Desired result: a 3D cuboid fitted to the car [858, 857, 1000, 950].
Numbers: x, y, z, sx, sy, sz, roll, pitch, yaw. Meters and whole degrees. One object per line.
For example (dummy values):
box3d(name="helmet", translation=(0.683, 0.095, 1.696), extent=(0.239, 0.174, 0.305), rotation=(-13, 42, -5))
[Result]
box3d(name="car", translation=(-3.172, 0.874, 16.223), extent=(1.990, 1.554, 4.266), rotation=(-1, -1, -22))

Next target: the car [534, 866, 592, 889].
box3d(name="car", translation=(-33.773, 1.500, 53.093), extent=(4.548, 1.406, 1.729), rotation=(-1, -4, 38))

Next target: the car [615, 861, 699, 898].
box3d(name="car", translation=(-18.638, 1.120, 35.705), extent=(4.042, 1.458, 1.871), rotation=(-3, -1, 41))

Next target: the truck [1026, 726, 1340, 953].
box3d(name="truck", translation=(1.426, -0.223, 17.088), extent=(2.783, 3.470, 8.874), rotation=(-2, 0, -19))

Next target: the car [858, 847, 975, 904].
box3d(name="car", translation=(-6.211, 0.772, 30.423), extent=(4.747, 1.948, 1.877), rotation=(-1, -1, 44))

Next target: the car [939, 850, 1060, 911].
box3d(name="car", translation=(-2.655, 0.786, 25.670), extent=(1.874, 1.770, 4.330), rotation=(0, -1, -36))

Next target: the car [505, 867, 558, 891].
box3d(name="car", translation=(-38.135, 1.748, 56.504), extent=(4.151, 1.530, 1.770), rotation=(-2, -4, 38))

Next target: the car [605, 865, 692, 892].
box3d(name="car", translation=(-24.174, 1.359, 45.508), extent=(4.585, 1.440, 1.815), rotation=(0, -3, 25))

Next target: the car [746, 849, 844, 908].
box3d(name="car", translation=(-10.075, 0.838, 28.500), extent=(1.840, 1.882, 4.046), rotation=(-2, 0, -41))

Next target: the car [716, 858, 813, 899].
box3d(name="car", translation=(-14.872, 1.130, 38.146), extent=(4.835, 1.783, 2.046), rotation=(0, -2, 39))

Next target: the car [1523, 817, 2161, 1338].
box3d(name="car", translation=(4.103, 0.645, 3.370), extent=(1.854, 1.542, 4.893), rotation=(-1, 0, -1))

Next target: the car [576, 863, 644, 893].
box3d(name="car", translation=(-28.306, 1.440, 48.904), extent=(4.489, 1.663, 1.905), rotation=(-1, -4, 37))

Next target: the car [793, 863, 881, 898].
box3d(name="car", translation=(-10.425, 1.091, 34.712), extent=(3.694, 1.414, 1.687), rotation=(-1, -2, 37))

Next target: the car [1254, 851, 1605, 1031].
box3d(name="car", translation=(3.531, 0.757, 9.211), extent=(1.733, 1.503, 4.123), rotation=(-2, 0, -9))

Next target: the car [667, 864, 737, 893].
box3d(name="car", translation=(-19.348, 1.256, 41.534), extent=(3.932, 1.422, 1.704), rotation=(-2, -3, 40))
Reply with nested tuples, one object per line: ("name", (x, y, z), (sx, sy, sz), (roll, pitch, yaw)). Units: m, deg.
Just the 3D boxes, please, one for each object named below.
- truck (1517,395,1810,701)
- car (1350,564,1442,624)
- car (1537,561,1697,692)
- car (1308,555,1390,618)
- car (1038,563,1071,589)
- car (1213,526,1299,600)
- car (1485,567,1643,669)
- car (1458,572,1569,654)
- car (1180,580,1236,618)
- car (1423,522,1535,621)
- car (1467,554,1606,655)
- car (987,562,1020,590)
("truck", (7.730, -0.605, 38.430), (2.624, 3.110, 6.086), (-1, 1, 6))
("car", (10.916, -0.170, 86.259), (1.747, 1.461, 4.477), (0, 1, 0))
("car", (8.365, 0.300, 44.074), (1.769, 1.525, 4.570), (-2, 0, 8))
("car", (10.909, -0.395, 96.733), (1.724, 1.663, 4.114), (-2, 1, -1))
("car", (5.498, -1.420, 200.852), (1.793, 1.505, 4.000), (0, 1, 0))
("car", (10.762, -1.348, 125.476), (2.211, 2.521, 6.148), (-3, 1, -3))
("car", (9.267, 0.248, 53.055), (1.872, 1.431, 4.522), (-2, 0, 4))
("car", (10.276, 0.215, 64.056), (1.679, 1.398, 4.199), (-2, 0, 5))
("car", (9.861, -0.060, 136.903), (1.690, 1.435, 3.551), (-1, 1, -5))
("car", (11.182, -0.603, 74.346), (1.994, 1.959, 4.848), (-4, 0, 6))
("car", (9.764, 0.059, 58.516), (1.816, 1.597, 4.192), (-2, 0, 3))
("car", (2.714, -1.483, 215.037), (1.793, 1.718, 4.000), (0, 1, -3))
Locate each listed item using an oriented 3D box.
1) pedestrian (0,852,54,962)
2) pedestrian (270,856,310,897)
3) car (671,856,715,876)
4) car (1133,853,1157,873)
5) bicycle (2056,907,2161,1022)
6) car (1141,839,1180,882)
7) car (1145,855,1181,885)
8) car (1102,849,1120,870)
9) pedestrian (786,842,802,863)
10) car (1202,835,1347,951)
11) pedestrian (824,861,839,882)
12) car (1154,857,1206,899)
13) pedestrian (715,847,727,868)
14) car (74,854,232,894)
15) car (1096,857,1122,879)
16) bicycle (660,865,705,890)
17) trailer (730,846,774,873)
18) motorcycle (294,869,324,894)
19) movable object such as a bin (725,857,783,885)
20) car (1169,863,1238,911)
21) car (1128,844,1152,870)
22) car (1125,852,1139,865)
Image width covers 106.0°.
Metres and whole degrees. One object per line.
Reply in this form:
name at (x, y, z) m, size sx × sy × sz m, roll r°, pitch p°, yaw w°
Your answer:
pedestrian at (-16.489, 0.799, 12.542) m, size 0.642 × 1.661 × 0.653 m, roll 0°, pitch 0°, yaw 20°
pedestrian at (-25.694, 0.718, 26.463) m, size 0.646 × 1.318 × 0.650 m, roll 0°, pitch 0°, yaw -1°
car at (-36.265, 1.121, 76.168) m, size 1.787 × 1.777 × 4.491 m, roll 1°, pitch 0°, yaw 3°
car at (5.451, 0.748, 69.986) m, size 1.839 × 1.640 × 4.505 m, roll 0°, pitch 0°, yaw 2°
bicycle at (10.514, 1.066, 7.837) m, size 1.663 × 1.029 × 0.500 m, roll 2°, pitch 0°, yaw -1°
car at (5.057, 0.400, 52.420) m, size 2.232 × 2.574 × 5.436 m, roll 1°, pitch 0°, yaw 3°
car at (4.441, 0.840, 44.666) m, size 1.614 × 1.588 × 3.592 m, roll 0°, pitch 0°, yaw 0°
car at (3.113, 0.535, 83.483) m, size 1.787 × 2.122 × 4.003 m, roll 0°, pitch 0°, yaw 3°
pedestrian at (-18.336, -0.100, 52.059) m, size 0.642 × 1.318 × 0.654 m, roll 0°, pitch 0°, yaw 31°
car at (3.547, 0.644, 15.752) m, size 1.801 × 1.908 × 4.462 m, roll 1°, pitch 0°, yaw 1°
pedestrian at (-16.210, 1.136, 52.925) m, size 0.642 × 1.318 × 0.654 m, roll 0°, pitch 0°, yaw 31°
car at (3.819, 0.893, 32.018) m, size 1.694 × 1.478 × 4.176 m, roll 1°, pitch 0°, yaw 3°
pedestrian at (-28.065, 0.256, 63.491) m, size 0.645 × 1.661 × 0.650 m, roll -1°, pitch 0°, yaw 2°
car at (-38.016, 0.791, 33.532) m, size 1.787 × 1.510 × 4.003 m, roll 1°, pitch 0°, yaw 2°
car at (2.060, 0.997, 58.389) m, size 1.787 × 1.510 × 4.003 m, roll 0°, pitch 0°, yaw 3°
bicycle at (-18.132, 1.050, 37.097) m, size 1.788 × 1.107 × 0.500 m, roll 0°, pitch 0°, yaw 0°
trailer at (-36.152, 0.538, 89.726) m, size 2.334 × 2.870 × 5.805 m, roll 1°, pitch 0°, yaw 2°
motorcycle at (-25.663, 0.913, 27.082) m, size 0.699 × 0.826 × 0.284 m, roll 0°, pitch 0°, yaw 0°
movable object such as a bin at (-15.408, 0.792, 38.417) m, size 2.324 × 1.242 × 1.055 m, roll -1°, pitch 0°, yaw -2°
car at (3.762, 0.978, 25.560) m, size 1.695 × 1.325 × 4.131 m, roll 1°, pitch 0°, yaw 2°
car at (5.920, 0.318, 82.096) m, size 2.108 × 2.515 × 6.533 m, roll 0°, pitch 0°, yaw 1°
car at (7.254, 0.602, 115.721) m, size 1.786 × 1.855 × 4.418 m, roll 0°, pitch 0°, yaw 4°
++++++++++++++++++++
What to do: In the records above, find the line with "- car (987,562,1020,590)"; write out exactly that line and each one after it, stopping after the line with "name at (x, y, z)".

Output for this exercise:
- car (987,562,1020,590)
("truck", (7.730, -0.605, 38.430), (2.624, 3.110, 6.086), (-1, 1, 6))
("car", (10.916, -0.170, 86.259), (1.747, 1.461, 4.477), (0, 1, 0))
("car", (8.365, 0.300, 44.074), (1.769, 1.525, 4.570), (-2, 0, 8))
("car", (10.909, -0.395, 96.733), (1.724, 1.663, 4.114), (-2, 1, -1))
("car", (5.498, -1.420, 200.852), (1.793, 1.505, 4.000), (0, 1, 0))
("car", (10.762, -1.348, 125.476), (2.211, 2.521, 6.148), (-3, 1, -3))
("car", (9.267, 0.248, 53.055), (1.872, 1.431, 4.522), (-2, 0, 4))
("car", (10.276, 0.215, 64.056), (1.679, 1.398, 4.199), (-2, 0, 5))
("car", (9.861, -0.060, 136.903), (1.690, 1.435, 3.551), (-1, 1, -5))
("car", (11.182, -0.603, 74.346), (1.994, 1.959, 4.848), (-4, 0, 6))
("car", (9.764, 0.059, 58.516), (1.816, 1.597, 4.192), (-2, 0, 3))
("car", (2.714, -1.483, 215.037), (1.793, 1.718, 4.000), (0, 1, -3))
Locate each listed item using an oriented 3D box.
1) pedestrian (0,852,54,962)
2) pedestrian (270,856,310,897)
3) car (671,856,715,876)
4) car (1133,853,1157,873)
5) bicycle (2056,907,2161,1022)
6) car (1141,839,1180,882)
7) car (1145,855,1181,885)
8) car (1102,849,1120,870)
9) pedestrian (786,842,802,863)
10) car (1202,835,1347,951)
11) pedestrian (824,861,839,882)
12) car (1154,857,1206,899)
13) pedestrian (715,847,727,868)
14) car (74,854,232,894)
15) car (1096,857,1122,879)
16) bicycle (660,865,705,890)
17) trailer (730,846,774,873)
18) motorcycle (294,869,324,894)
19) movable object such as a bin (725,857,783,885)
20) car (1169,863,1238,911)
21) car (1128,844,1152,870)
22) car (1125,852,1139,865)
Image width covers 106.0°.
Metres and whole degrees. One object per line.
Reply in this form:
name at (x, y, z) m, size sx × sy × sz m, roll r°, pitch p°, yaw w°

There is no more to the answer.